The loose pigments called "star powders" are awesome. Their eyeshadows are great and imo very similar to MAC.

Their eyepencils are great, but i have a slight preference for the UD 24/7 liners for the staying power.

Plus, they make video tutorials for their seasonal looks (you can find some of them on YT), which i love because as much as i love MAC's looks, i never saw them done in front of my eyes by a makeup artist and i'm a visual &amp; audio learner, and i like to see the final result before buying.


----------



## Shadowy_Lady (Nov 8, 2009)

I like MAC and I like MUFE. I prefer MUFE foundation and powder. I also looooove their bright matte eyeshadows and their pencil eyeliners, superior to MAC IMO.

I think MAC makes better shimmery eyeshadows, lipglosses, blushes and last but not least lipsticks.


----------



## couture_madame (Nov 8, 2009)

MUFE is definitely my favorite in terms of foundation. They have the best shades and formulas without that..."mask" look that you sometimes get from MAC. Their eye pencils are the bomb too


----------



## rose white (Nov 9, 2009)

I love MAC and I just bought my first MUFE today.

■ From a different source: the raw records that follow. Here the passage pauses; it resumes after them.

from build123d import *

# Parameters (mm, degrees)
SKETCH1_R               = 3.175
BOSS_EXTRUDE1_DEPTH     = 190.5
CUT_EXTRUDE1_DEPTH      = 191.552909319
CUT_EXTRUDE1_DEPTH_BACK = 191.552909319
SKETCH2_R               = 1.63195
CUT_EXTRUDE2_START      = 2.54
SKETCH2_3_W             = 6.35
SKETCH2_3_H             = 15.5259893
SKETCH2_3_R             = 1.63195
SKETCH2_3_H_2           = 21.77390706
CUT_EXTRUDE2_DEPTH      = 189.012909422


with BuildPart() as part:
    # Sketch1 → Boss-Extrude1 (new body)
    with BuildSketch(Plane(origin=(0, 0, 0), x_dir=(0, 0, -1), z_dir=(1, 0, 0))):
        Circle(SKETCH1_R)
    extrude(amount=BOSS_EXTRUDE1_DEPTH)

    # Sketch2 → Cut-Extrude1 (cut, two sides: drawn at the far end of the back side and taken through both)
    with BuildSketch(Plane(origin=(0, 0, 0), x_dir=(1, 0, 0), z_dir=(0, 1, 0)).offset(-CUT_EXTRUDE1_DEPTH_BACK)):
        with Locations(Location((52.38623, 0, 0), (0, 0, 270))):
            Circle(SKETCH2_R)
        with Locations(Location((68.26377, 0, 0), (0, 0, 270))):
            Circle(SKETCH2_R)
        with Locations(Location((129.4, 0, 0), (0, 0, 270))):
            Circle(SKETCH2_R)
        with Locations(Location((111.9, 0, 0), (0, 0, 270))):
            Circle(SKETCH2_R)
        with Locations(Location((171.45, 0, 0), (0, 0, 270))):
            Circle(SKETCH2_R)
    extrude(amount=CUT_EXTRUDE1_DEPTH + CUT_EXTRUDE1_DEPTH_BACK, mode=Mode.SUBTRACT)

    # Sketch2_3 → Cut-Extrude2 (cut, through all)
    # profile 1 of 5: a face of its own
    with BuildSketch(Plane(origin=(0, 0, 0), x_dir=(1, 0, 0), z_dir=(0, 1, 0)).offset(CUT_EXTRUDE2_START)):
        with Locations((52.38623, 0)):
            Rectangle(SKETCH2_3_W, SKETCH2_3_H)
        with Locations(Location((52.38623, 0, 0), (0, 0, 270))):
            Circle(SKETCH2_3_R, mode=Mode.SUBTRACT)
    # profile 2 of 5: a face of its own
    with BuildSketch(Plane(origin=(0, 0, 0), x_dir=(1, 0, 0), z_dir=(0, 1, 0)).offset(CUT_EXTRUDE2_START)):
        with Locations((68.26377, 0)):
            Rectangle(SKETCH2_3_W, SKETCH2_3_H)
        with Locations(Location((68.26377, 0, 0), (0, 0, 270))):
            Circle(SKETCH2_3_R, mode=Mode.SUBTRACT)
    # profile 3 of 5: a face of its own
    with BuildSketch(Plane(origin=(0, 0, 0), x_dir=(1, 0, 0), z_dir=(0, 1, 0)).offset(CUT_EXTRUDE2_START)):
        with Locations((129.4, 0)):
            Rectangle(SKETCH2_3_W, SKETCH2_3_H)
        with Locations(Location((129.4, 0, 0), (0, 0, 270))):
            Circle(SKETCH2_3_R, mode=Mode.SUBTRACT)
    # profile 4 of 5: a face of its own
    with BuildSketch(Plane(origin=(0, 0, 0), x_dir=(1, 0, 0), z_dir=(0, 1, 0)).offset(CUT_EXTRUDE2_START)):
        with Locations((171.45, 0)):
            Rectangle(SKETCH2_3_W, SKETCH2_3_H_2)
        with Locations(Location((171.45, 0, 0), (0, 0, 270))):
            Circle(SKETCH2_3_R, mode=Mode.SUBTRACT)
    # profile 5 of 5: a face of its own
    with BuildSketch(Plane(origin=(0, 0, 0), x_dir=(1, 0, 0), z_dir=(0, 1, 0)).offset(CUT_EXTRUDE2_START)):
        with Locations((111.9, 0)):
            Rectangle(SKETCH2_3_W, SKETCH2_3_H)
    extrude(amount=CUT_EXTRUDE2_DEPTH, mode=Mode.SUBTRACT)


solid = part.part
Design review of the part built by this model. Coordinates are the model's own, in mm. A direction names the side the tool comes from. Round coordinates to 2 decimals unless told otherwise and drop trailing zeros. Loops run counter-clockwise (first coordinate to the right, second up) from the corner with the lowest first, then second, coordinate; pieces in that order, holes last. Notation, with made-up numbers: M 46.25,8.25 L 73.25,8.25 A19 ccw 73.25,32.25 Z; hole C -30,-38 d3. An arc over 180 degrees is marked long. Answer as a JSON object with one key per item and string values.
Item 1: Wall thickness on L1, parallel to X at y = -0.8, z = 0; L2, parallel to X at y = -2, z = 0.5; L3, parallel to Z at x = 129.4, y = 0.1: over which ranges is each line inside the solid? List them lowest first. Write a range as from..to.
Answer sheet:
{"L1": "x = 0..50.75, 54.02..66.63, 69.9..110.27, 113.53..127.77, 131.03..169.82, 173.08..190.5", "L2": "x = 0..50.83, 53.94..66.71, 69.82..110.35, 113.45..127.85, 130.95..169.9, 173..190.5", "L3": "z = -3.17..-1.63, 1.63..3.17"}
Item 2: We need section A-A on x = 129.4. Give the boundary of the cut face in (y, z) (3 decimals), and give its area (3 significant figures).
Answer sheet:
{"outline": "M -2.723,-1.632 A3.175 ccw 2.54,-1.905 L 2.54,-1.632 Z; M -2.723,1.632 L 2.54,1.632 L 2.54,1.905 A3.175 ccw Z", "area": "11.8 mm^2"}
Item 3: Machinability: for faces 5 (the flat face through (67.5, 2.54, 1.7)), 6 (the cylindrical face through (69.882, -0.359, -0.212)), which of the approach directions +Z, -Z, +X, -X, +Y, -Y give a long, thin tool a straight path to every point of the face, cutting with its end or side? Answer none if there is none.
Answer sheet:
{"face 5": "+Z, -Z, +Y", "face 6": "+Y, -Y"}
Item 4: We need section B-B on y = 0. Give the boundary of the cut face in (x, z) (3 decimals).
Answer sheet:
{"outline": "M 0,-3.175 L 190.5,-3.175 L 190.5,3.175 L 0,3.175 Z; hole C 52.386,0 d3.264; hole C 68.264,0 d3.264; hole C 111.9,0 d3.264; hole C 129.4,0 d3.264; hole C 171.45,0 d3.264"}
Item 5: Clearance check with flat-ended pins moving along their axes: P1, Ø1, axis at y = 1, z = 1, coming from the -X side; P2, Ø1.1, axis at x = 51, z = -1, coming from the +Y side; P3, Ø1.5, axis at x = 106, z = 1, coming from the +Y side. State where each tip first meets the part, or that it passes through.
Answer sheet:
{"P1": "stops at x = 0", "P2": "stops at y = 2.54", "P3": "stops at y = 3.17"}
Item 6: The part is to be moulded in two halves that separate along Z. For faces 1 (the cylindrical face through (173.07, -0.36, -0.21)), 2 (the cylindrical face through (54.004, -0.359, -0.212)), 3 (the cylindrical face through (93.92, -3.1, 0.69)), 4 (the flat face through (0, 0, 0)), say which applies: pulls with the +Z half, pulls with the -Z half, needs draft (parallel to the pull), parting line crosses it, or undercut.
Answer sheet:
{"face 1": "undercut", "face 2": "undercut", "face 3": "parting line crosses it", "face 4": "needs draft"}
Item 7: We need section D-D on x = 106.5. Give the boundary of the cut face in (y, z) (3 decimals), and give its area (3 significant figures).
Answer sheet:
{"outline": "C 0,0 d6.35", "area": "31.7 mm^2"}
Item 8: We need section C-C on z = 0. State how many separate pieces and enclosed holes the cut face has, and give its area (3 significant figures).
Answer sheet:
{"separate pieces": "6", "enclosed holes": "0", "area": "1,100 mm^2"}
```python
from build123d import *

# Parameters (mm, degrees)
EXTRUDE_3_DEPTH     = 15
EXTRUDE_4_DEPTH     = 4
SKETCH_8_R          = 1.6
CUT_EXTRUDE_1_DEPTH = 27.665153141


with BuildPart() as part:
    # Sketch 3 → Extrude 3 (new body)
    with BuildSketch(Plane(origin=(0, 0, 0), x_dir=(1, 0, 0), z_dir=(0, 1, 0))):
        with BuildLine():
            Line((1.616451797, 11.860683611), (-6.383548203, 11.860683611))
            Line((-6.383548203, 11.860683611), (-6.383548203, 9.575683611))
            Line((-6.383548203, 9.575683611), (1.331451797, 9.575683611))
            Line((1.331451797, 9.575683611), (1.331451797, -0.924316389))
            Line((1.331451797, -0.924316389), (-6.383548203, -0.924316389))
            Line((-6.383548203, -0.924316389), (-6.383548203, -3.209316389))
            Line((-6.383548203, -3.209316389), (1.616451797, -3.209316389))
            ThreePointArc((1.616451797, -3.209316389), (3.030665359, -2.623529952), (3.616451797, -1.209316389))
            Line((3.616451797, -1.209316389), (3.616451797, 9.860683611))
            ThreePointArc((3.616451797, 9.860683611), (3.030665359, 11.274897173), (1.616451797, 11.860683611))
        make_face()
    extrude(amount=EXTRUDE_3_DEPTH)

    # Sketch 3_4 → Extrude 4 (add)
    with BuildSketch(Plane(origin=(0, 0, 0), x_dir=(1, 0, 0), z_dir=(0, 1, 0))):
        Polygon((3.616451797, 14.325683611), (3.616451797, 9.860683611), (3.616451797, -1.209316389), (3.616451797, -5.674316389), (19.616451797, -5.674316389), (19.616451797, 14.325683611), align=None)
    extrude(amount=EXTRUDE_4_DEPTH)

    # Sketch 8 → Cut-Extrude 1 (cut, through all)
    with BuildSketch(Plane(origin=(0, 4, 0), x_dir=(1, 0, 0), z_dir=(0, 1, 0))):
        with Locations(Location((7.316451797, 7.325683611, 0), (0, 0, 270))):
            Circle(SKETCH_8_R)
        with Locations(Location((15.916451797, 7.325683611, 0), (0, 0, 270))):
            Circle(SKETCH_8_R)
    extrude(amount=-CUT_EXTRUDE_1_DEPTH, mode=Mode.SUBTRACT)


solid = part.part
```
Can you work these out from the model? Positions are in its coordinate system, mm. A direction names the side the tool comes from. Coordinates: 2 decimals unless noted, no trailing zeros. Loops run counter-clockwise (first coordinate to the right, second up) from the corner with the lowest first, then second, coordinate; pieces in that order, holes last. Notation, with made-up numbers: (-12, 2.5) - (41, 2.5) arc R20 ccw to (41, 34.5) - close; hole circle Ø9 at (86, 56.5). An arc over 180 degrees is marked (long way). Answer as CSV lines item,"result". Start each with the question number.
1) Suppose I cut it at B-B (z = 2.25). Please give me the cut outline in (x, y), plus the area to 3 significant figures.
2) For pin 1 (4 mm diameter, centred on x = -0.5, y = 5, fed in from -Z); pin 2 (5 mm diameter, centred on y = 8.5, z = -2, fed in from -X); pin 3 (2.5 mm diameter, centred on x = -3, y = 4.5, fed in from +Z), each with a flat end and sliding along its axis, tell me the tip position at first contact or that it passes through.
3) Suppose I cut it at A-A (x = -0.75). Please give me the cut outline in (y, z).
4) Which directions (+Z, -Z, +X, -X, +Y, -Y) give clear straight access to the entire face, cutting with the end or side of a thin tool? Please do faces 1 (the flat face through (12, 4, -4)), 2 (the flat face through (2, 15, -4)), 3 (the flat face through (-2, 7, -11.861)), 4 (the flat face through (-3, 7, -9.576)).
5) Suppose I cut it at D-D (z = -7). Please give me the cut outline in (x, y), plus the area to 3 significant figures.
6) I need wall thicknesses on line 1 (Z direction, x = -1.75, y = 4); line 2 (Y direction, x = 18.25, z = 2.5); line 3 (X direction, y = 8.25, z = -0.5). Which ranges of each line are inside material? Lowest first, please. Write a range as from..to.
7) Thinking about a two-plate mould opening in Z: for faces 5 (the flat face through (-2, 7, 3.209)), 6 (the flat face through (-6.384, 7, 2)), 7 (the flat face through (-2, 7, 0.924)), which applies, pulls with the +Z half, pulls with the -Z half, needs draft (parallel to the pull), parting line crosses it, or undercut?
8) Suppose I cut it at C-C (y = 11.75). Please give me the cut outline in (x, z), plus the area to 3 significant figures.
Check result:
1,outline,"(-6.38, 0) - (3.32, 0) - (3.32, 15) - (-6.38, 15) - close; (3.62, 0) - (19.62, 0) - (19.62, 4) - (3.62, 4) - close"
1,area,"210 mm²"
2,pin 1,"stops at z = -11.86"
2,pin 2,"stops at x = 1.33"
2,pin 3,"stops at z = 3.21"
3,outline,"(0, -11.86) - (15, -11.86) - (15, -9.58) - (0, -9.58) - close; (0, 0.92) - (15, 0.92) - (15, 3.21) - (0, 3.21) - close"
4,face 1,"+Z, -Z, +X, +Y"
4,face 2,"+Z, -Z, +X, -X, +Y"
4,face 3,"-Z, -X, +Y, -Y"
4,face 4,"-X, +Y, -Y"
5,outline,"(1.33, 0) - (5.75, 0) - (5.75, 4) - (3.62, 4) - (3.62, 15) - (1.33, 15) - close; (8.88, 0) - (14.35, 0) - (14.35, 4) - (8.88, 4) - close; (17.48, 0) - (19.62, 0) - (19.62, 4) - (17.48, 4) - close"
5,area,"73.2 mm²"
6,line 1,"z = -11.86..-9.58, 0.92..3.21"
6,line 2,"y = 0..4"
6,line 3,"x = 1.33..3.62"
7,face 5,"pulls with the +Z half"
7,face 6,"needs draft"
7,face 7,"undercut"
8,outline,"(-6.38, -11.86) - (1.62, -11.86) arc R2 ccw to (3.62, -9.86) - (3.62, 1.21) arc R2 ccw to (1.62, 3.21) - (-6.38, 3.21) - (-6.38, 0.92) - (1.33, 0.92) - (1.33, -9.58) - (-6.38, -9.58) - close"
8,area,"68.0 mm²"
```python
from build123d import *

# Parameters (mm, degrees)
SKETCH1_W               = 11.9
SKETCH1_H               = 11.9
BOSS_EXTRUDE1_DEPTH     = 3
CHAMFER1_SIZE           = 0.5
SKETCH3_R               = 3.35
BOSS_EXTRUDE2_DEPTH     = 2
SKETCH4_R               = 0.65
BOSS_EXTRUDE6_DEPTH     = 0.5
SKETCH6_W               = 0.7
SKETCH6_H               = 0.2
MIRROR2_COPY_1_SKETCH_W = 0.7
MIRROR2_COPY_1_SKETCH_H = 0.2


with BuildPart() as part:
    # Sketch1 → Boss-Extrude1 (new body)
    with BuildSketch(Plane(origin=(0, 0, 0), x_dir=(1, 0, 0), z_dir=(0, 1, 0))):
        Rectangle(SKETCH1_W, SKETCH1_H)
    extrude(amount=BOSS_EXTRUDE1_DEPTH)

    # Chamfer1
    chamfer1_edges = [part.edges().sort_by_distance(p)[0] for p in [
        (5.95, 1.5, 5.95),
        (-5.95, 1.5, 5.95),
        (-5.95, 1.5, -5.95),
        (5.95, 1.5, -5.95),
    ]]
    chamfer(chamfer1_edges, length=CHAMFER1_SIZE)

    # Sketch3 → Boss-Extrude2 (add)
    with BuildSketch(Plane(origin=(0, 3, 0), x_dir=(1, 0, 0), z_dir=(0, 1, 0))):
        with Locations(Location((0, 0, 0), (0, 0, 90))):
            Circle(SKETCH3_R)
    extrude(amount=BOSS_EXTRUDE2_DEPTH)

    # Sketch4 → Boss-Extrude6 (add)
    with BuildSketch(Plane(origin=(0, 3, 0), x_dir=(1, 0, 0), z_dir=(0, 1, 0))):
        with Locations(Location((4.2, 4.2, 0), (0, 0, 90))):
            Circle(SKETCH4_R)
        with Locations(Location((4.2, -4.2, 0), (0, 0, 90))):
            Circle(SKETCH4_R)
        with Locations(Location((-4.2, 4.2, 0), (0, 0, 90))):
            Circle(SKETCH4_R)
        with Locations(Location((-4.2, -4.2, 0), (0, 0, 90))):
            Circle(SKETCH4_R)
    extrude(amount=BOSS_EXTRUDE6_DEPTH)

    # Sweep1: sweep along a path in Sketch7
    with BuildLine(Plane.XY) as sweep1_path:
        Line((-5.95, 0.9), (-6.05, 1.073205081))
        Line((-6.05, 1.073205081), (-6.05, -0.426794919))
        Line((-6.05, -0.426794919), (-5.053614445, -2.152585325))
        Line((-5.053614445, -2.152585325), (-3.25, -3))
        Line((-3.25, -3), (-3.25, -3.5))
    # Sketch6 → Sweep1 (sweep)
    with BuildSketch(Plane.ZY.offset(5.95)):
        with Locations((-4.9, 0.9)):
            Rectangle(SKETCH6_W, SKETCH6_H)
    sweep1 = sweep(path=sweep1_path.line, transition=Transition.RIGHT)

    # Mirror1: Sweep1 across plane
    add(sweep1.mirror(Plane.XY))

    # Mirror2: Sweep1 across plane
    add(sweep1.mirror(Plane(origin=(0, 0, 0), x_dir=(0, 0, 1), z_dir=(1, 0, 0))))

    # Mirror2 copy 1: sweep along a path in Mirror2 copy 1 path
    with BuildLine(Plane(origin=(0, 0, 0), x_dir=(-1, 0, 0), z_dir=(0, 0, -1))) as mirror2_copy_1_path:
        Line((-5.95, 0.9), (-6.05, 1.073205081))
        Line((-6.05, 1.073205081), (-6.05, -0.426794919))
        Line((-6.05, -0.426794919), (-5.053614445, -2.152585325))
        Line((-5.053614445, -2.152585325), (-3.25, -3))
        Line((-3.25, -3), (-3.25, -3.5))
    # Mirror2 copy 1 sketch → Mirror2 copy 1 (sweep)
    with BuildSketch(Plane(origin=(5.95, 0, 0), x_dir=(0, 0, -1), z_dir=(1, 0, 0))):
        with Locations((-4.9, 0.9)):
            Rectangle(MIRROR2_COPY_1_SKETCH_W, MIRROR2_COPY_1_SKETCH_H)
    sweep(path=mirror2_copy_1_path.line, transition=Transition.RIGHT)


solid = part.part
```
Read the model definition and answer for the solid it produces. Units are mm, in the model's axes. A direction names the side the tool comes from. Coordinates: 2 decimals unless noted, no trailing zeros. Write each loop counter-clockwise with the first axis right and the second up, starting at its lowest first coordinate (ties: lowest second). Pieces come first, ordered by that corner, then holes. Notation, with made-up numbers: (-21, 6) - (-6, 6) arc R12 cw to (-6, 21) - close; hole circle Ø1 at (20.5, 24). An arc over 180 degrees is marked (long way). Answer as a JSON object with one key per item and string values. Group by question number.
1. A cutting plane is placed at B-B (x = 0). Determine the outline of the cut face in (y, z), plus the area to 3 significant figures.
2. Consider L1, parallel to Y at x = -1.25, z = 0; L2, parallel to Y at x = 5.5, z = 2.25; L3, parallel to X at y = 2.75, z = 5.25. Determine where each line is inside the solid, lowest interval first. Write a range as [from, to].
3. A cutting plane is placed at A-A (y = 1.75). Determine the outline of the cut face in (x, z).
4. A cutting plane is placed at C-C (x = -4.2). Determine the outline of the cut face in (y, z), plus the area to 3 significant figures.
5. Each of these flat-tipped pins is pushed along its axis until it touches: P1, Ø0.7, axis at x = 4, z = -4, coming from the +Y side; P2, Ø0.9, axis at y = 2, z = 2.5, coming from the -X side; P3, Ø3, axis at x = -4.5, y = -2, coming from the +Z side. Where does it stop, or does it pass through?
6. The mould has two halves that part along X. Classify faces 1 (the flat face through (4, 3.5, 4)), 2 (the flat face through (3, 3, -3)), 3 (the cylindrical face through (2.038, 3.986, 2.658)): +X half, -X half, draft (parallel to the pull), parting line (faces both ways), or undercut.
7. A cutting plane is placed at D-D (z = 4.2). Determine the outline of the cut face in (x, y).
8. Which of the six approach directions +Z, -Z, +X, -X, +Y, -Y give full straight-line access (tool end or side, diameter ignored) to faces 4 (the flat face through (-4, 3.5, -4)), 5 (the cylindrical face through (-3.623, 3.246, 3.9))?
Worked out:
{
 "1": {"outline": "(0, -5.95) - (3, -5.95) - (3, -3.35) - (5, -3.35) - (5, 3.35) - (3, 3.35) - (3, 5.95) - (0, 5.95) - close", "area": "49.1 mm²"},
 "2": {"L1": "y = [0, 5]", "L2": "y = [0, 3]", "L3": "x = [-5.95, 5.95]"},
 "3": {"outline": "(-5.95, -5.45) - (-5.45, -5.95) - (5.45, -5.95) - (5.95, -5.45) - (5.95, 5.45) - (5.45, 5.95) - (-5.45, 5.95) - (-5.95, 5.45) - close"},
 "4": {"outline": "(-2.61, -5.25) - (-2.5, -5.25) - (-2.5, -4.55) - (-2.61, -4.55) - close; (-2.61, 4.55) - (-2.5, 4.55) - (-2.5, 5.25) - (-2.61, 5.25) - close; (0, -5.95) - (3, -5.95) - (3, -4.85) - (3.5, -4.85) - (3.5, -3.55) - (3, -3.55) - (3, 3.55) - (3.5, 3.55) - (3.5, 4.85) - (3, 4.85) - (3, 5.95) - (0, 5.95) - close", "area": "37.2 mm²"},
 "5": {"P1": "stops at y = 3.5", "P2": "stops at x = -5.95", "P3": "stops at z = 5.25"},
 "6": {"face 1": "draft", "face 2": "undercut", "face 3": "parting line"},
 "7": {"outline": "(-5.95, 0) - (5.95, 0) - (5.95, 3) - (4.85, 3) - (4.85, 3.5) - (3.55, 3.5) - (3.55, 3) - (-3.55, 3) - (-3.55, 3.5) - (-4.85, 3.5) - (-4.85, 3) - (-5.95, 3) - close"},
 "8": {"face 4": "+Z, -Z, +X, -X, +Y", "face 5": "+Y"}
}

I bought the Best of MUFE set from Sephora and I'm looking forward to trying it out tomorrow morning.


----------



## Nick007 (Nov 9, 2009)

I love their foundations and shadows. I'm a bigger fan of UD liners and shadows, but I am a user of their foundation.


----------



## joybelle (Nov 9, 2009)

Originally Posted by *Modirty80* /img/forum/go_quote.gif I have never tried MUFE!?!? Not sure why I never got around to it... Same here!


----------



## banapple (Nov 9, 2009)

MUFE &gt; MAC

 /emoticons/[email protected] 2x" width="20" height="20" /> I love their shadows, always gorgeous color payoff

everything of theirs is great.


----------



## reesesilverstar (Nov 9, 2009)

They both have their strengths imo...


----------



## Jazzie (Nov 10, 2009)

I have a nice collection of both MUFE and MAC. Both have really nice eye shadows and pigments. I think MUFE foundation HD foundation is better than MAC's Studo Fix but Graftobian beats the both of them. MUFE concealers are the best that I have used.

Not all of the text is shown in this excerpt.